I have not heard back.
♦”The IPOF is governed by sworn law enforcement officers representing each member agency … Each agency appoints a primary and alternate representative,” IPOF’s website says right now, while indicating that totals about a dozen law enforcement agencies, the largest of which by far is Las Vegas Metropolitan Police Department. But despite this stated one-for-all-and-all-for-one philosophy, the IPOF web site page entitled “The Board” currently lists just four names, although it seems two aren’t board members. IPOF’s corporate registration with the State of Nevada right now lists no more than five officers and directors. Even worse, IPOF’s latest federal tax return–filed under penalty of perjury–actually listed NO board members by name as of December 31, 2024. IPOF did not check any boxes next to names in the required column for current directors.

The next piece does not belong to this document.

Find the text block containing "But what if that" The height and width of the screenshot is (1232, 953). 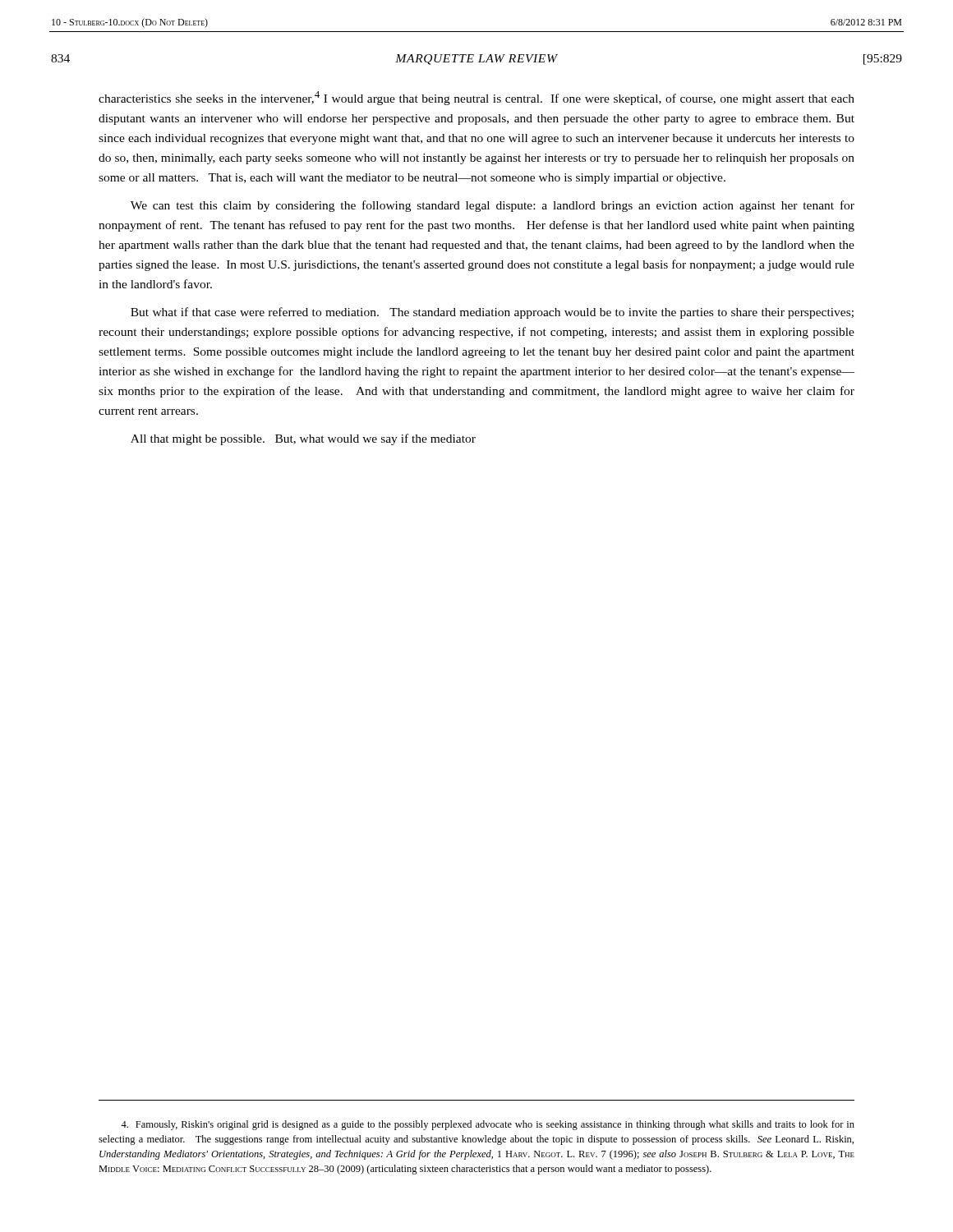click(x=476, y=362)
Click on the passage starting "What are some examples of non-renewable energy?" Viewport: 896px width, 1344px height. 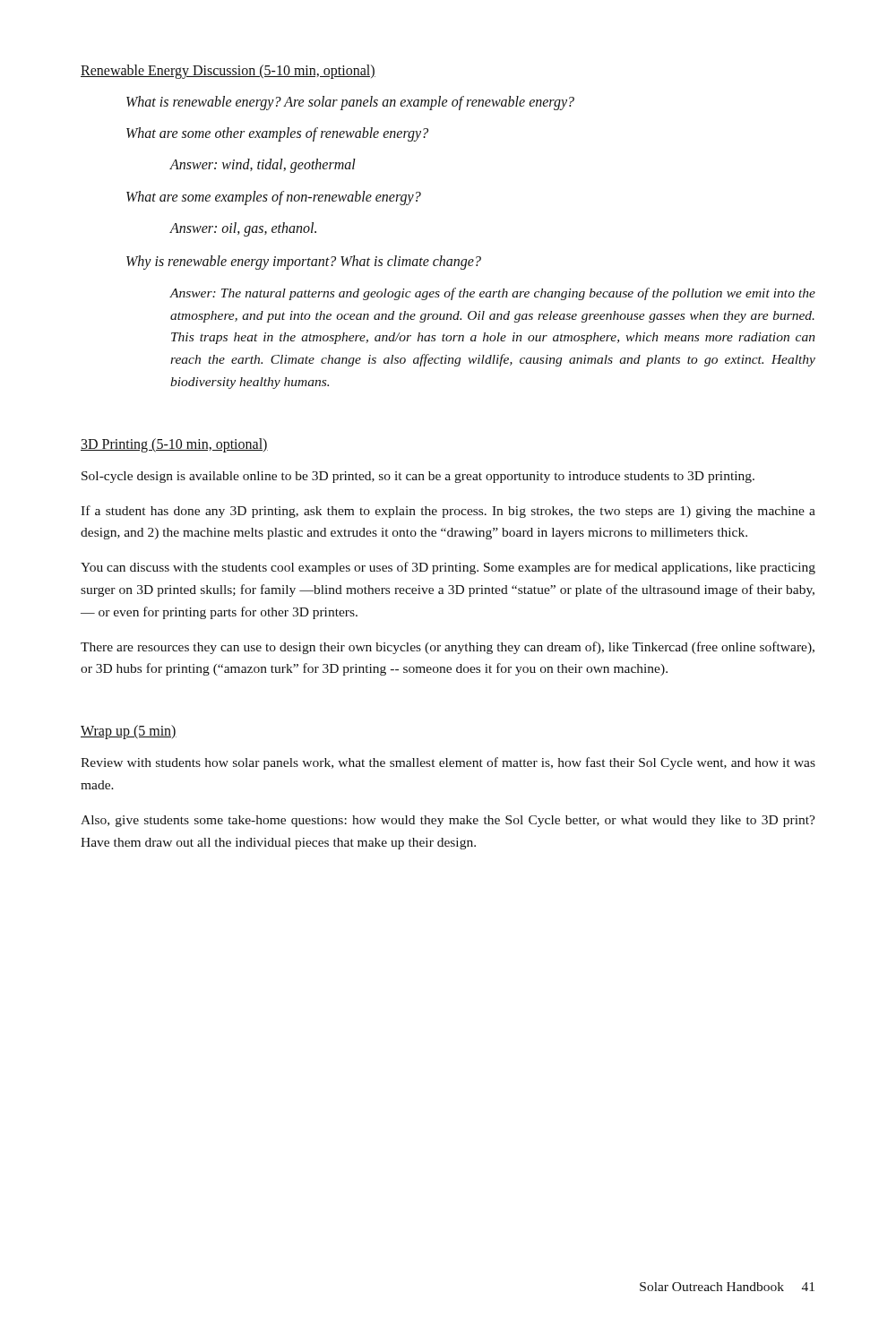coord(273,197)

By law (and even common sense), there has to be at least one board member, and under IRS 990 rules all board members at year’s end have to be disclosed and identified as such on the tax return. This may be a mere tax-return-preparation error (despite the $13,975 IPOF spent on accounting.) But in my view that’s a material omission that might well force IPOF to file an amended tax return for the second straight year. (Below, I’ll discuss the reason for that first amended return.)
I have not heard back.
♦By adding numbers from various schedules on the 2024 tax return, it appears that IPOF received $981,000 in donated private support, plus another $415,000 in investment returns, mainly from its $3 million endowment, for total revenue of $1.4 million. But it was not at all clear how much money went to “provide monetary assistance” to affected families, which IPOF states on its web site to be its mission. That sum might have been $495,000 in cash grants to 17 unidentified families, the sum of several different schedules on the tax return, or something more or less, due to covering of other costs or double-counting. According to the IPOF website, no officers were killed in the line of duty during 2024, which tends to bump up the numbers.
But there also was a large listed expense of $247,722 mysteriously described without detail as “donations to various organizations.” Which ones? For what? The tax return didn’t say. IRS rules require disclosure of the name and amount of any organization receiving $5,000 or more from a nonprofit. With none listed, and assuming the stated numbers are accurate, and no one got more than $5,000, simple math would suggest that has to be at least nearly 50 donees.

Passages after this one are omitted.